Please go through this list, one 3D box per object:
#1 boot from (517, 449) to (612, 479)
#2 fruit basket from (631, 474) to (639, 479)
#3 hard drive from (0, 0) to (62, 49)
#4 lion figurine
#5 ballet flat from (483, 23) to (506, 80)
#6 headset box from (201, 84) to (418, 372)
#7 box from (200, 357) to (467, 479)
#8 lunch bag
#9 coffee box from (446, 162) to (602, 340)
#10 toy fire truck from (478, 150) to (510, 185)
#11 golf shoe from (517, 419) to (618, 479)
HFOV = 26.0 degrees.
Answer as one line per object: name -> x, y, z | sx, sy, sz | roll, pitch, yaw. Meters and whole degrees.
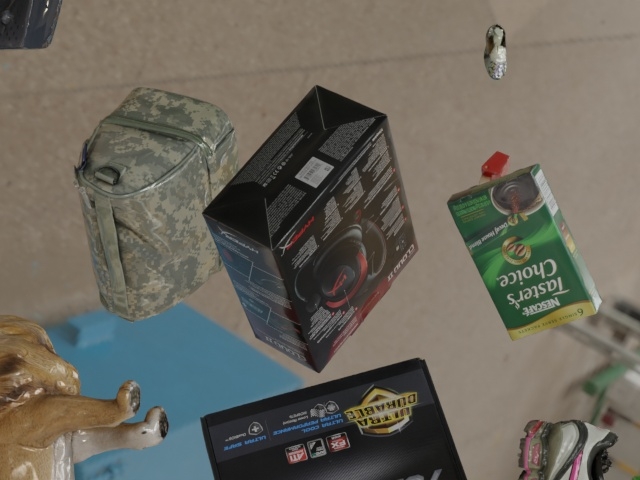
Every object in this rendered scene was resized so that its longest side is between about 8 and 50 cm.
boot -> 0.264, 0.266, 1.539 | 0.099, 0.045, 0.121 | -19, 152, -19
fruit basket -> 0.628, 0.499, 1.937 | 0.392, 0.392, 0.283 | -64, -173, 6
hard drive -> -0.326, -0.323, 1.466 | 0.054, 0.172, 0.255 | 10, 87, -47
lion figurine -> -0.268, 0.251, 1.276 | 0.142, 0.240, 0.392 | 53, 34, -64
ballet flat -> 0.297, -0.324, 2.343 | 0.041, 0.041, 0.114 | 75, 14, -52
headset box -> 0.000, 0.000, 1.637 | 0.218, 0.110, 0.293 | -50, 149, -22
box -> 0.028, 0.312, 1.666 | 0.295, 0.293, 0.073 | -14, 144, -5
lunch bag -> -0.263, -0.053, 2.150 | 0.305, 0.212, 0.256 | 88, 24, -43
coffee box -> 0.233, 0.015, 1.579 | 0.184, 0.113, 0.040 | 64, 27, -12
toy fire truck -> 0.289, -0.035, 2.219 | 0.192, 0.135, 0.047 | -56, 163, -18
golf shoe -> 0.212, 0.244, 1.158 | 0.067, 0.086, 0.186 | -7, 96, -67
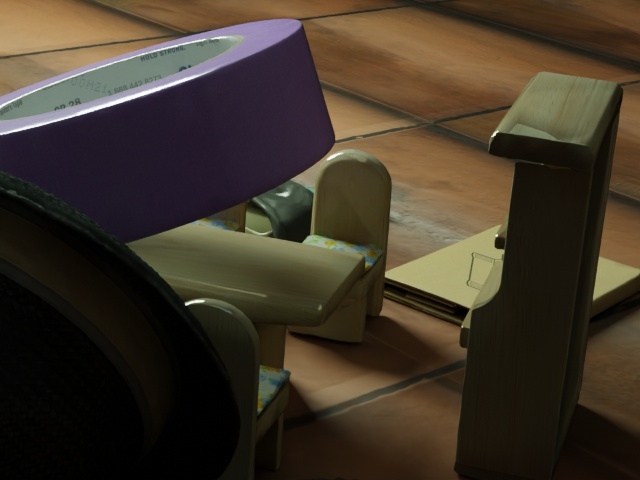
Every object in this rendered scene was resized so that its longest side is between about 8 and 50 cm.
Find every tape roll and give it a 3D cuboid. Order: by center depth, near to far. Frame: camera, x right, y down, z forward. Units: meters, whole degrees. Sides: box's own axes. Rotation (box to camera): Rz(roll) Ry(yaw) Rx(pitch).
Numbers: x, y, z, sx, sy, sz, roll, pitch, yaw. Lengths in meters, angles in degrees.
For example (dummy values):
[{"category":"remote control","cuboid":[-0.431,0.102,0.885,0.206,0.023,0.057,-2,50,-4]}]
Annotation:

***

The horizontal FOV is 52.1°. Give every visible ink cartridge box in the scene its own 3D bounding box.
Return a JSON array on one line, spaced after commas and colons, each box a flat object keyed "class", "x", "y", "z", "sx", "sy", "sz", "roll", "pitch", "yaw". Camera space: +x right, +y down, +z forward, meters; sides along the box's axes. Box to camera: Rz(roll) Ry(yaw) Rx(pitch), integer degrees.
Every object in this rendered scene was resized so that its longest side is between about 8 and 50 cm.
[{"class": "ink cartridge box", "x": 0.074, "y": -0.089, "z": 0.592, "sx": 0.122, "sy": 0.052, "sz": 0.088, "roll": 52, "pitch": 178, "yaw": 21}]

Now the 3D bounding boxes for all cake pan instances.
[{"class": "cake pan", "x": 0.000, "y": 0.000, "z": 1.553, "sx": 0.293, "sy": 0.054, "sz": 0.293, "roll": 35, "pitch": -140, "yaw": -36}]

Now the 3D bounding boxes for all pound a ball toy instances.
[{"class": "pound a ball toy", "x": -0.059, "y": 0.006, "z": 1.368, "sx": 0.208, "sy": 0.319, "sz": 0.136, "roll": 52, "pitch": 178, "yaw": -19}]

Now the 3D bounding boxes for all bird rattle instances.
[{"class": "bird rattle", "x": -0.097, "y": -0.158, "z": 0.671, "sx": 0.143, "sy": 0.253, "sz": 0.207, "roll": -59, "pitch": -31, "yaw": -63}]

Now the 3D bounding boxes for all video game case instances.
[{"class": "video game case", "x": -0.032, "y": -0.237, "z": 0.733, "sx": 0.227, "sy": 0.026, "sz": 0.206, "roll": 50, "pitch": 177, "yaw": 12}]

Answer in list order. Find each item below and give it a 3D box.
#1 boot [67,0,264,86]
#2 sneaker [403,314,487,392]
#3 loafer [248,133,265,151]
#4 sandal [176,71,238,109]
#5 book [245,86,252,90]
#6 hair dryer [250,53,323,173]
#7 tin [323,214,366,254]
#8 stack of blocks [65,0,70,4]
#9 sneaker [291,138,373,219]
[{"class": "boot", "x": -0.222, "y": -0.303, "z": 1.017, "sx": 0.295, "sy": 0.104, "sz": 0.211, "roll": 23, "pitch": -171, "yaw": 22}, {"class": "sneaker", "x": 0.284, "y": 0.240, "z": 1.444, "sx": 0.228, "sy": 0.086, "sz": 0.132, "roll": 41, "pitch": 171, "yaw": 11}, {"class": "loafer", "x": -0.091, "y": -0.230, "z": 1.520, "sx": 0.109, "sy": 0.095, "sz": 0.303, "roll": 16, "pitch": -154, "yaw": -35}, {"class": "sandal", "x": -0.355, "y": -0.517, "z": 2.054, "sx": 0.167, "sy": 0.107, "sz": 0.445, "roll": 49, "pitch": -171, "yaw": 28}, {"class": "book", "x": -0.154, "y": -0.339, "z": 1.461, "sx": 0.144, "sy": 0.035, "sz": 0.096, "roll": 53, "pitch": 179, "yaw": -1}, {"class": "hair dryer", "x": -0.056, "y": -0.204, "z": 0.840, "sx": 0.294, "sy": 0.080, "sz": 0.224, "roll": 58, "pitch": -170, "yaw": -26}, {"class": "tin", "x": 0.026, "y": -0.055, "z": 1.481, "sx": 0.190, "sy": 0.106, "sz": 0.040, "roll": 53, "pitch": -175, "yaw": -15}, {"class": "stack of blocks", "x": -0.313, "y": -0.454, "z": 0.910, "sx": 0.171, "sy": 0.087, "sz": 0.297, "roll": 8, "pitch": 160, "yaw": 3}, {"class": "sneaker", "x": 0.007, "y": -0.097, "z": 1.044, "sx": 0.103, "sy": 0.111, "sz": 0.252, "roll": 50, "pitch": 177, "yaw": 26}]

***

Exercise details:
Where the listing above reaches the line that contains "#2 sneaker [403,314,487,392]", start retyping, and finish with the line that contains "#8 stack of blocks [65,0,70,4]"; reproduce those lines exactly and no others.

Solution:
#2 sneaker [403,314,487,392]
#3 loafer [248,133,265,151]
#4 sandal [176,71,238,109]
#5 book [245,86,252,90]
#6 hair dryer [250,53,323,173]
#7 tin [323,214,366,254]
#8 stack of blocks [65,0,70,4]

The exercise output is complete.